• [WHAT TO PRODUCE]
Restate the records below exactly. Pictures are not part of the copy.

=== DATA SECTION ===

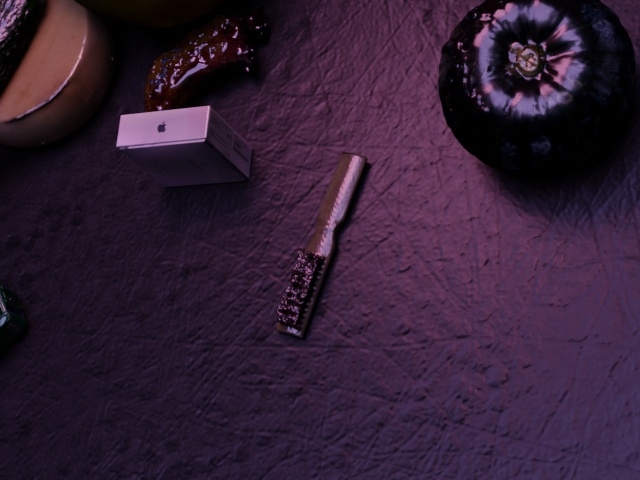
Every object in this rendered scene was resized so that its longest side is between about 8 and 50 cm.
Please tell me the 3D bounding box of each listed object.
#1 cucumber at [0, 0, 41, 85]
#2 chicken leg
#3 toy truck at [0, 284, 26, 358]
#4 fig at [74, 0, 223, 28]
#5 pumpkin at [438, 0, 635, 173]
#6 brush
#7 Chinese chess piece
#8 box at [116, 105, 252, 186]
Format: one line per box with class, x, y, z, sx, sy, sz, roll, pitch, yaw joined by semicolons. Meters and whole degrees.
cucumber;-0.458;-0.241;1.927;0.067;0.067;0.294;23;77;30
chicken leg;-0.163;-0.235;1.910;0.234;0.063;0.105;-31;55;11
toy truck;-0.464;0.127;1.886;0.147;0.065;0.079;-37;61;6
fig;-0.254;-0.456;1.889;0.343;0.343;0.343;-9;65;20
pumpkin;0.250;-0.190;1.647;0.233;0.163;0.233;-4;77;17
brush;0.000;0.000;1.752;0.043;0.036;0.248;15;76;24
Chinese chess piece;-0.411;-0.253;2.006;0.250;0.097;0.251;-9;66;20
box;-0.175;-0.119;1.823;0.129;0.130;0.051;-3;67;23

===

• [WRITTEN ANSWER]
Every object in this rendered scene was resized so that its longest side is between about 8 and 50 cm.
Please tell me the 3D bounding box of each listed object.
#1 cucumber at [0, 0, 41, 85]
#2 chicken leg
#3 toy truck at [0, 284, 26, 358]
#4 fig at [74, 0, 223, 28]
#5 pumpkin at [438, 0, 635, 173]
#6 brush
#7 Chinese chess piece
#8 box at [116, 105, 252, 186]
Format: one line per box with class, x, y, z, sx, sy, sz, roll, pitch, yaw joined by semicolons. Meters and whole degrees.
cucumber;-0.458;-0.241;1.927;0.067;0.067;0.294;23;77;30
chicken leg;-0.163;-0.235;1.910;0.234;0.063;0.105;-31;55;11
toy truck;-0.464;0.127;1.886;0.147;0.065;0.079;-37;61;6
fig;-0.254;-0.456;1.889;0.343;0.343;0.343;-9;65;20
pumpkin;0.250;-0.190;1.647;0.233;0.163;0.233;-4;77;17
brush;0.000;0.000;1.752;0.043;0.036;0.248;15;76;24
Chinese chess piece;-0.411;-0.253;2.006;0.250;0.097;0.251;-9;66;20
box;-0.175;-0.119;1.823;0.129;0.130;0.051;-3;67;23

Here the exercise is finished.